Großes Potenzial, organisatorischer Nachholbedarf

Virtual Design (B.A.)

  • Studieninhalte
    4.0
  • Dozenten
    3.0
  • Lehrveranstaltungen
    3.0
  • Ausstattung
    5.0
  • Organisation
    2.0
  • Literaturzugang
    4.0
  • Digitales Studieren
    5.0
  • Gesamtbewertung
    3.7
Ich habe den Studiengang Virtual Design BA im September 2020 begonnen und im August 2024 abgeschlossen. Meine Erfahrungen, sowohl positiv als auch negativ und meine Verbesserungsvorschläge möchte ich hier mitteilen:

Vorweg die positiven Aspekte:

- sehr umfangreiches Themenfeld
Bereits zum Start des Studiums wird einem ein großes Modulportfolio präsentiert. Im Verlauf erhält man dann viele verschiedene Einblicke, wodurch sich für einen selbst manchmal schon früh potenzielle Richtungen herauskristallisieren. Die Module werden nicht selten von Dozenten aus der Industrie begleitet, welche dadurch über die aktuellsten Methoden und Herangehensweisen Bescheid wissen. Das Grundpaket wird dann noch durch ein mindestens genauso weitläufiges Angebot an Wahlfächern (Pflichtanteil) ergänzt, was sehr ansprechend ist.
Bereiche unter anderem: CAD, 2D, Concept-Art, 3D, VFX, Automotive, Game Design, Programmieren, Video, Audio, Compositing und viele weitere.

- viele Möglichkeiten, den eigenen Weg zu finden
Das Studium lässt sich oft sehr frei gestalten und bietet die Chance, eigene Herangehensweisen zu entwickeln.

-für eine staatliche Universität sehr gute Ausstattung mit potenten PC-Pools
Mindestens ein leistungsstarker Rechner ist für die Bearbeitung der meisten Module essenziell. Da dies oft mit hohen, vierstelligen Kosten verbunden ist (kalibrierbarer Monitor, PC, Peripherie etc.) gibt es alles, was man tendenziell brauchen könnte, auch in den Rechnerpools in den Hörsälen ohne sich einen Rechner mit anderen teilen zu müssen. Auch ein eigenes VR-Lab mit Virtual Reality Brillen und Greenscreen können einem viele kostspielige Investitionen ersparen, vorausgesetzt man ist dazu bereit, an die Uni zu fahren.

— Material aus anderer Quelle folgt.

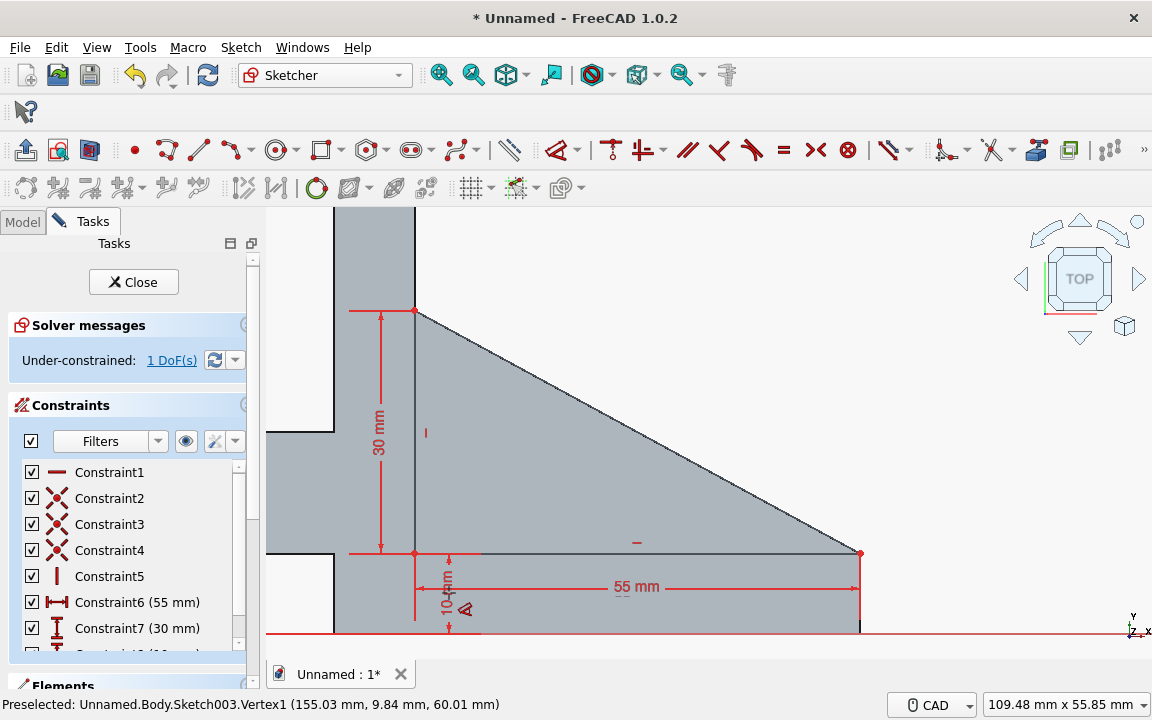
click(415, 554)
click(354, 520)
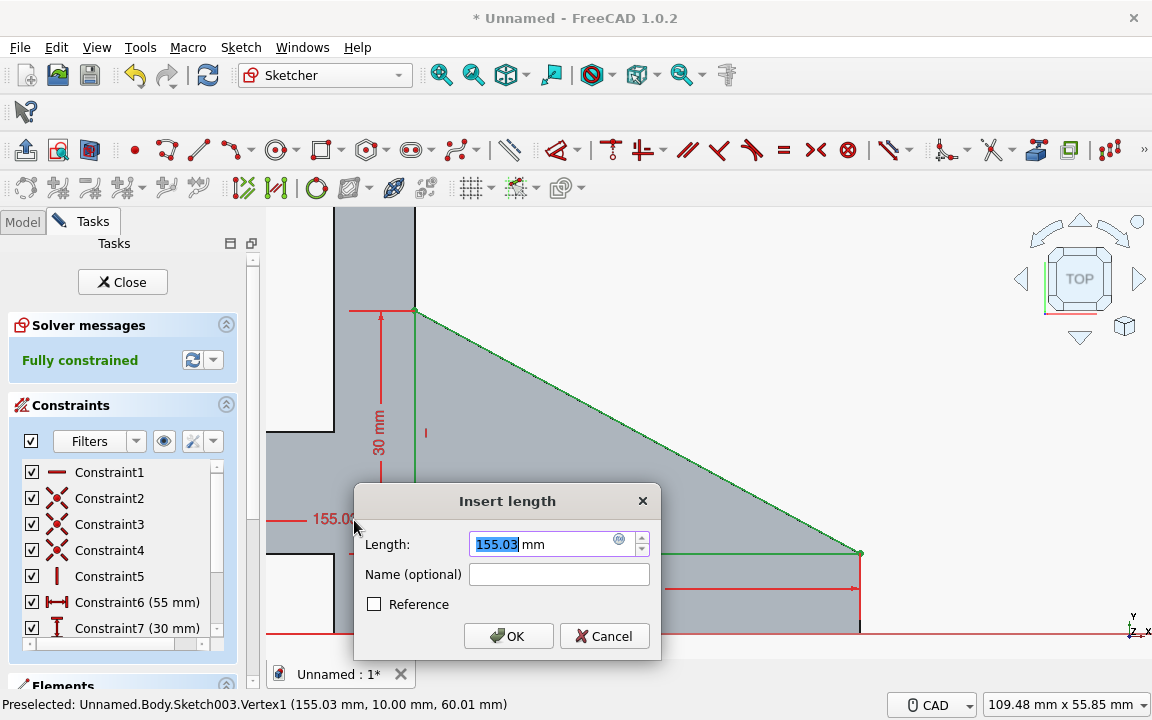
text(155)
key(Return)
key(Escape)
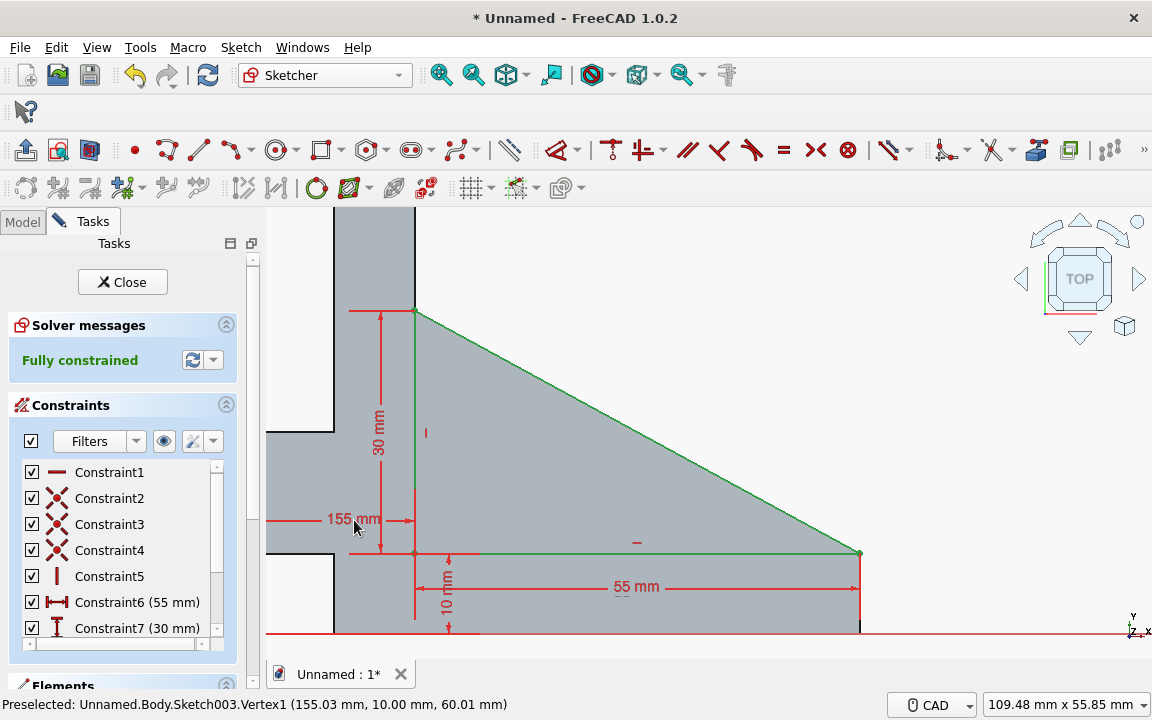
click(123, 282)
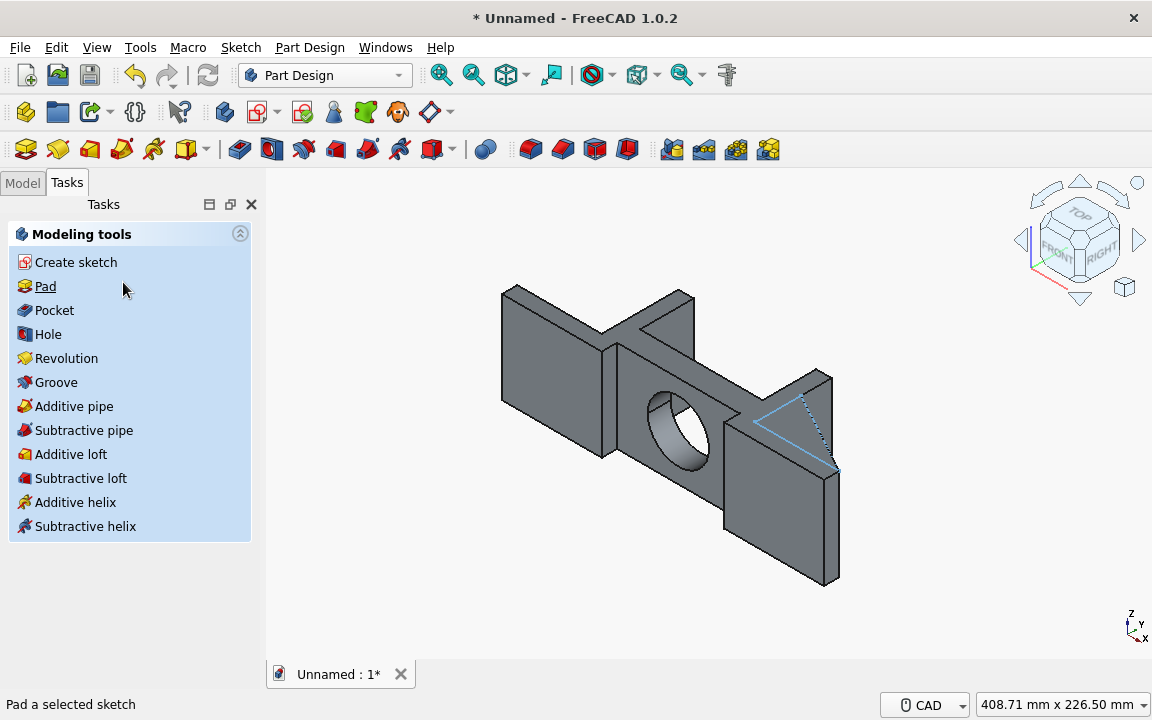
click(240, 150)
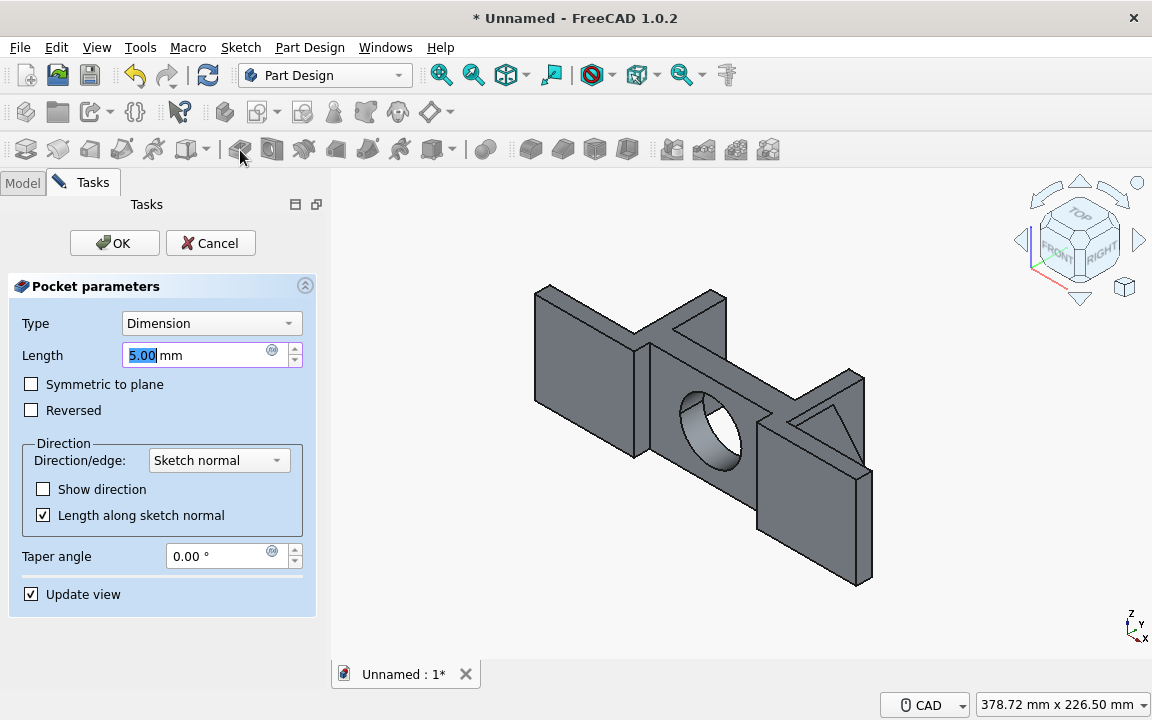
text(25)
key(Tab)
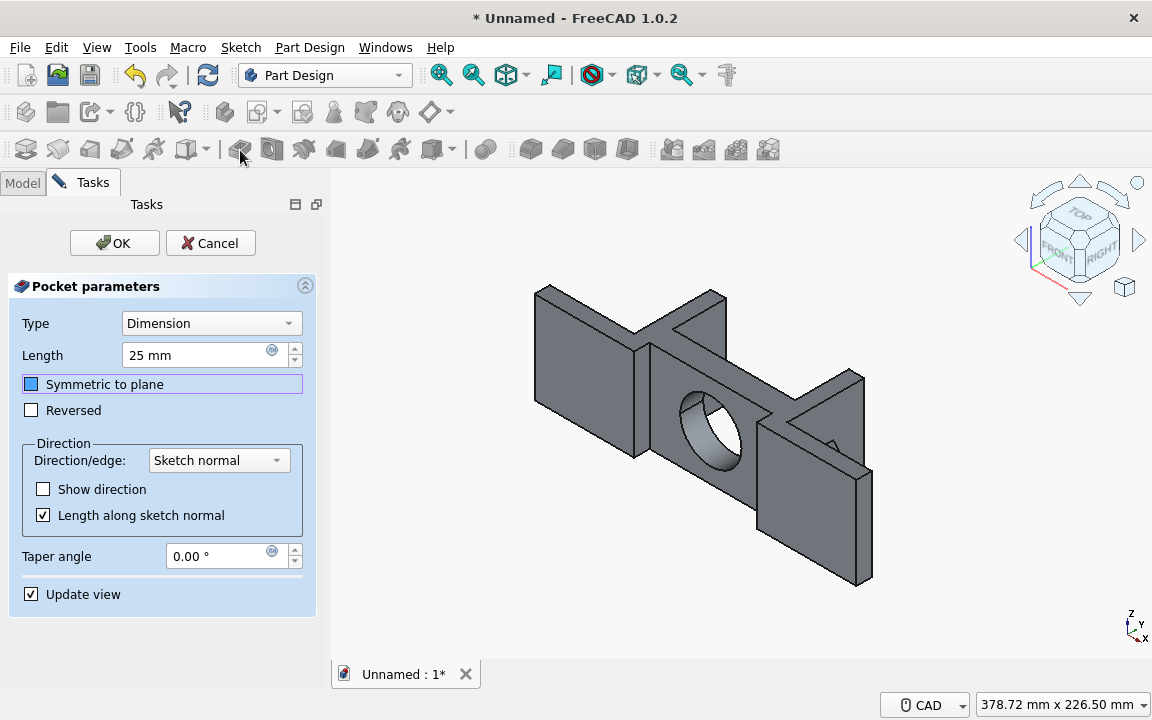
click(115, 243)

- Kontakte der Professoren zur Industrie
Spätestens bei der Bewerbung um die Praktikumsplätze für den Pflichtbereich und die Praxisphase können einem die Beziehungen einzelner Professoren zu größeren Firmen aus z.B. der Automobil- oder Filmindustrie viele Türen öffnen, wenn man sich vorher durch gute Leistungen einen Namen gemacht hat. Stellt man sich dann während des Praktikums gut an, erhält man nicht selten auch die Chance, bei dem jeweiligen Unternehmen seine Abschlussarbeit zu schreiben.

- Software
Während des Studiums wird man mit mehr als 15 Programmen konfrontiert, welche man (bis auf wenige Ausnahmen) auch immer wieder verwenden und zur Ausarbeitung seiner Projekte in einem gewissen Rahmen frei für alternative Herangehensweisen kombinieren kann. Am Ende der Regelstudienzeit startet man dann mit einem guten Gefühl in den Arbeitsmarkt und kann einer Vielzahl von verschiedenen Stellenanforderungen gerecht werden.

- Auslandssemester
für mich die mit Abstand beste Zeit des Studiums und vielleicht auch eine der besten Zeiten meines Lebens. Während man in anderen Studiengängen wie BWL oft um die wenigen verfügbaren Plätze kämpfen muss, hat man in VD durch das generell eher geringe Interesse an einem Auslandssemester Top-Chancen auf eine ereignisreiche Zeit in Spanien, Frankreich oder Korea (Stand: 2022/2023). Die Partnerunis haben teilweise eine international sehr hohe Reputation (z.B. LCI Barcelona) und der Bewerbungsprozess gestaltet sich verhältnismäßig simpel. Großzügige Finanzspritzen wie etwa durch Erasmus +, die Stipendienstiftung Rheinland-Pfalz und weitere Partnerstipendien versichern, dass der Weg ins Ausland nicht an den eigenen, dafür verfügbaren Mitteln scheitert. Das Auslandssemester hat mir bereits heute einige Pluspunkte im Lebenslauf beschert und daher kann ich diesen Punkt nur jedem wärmstens empfehlen. Die Professoren und Dozenten sind hier auch sehr motivierend und helfen einem gerne bei Fragen und eventuellen Ängsten.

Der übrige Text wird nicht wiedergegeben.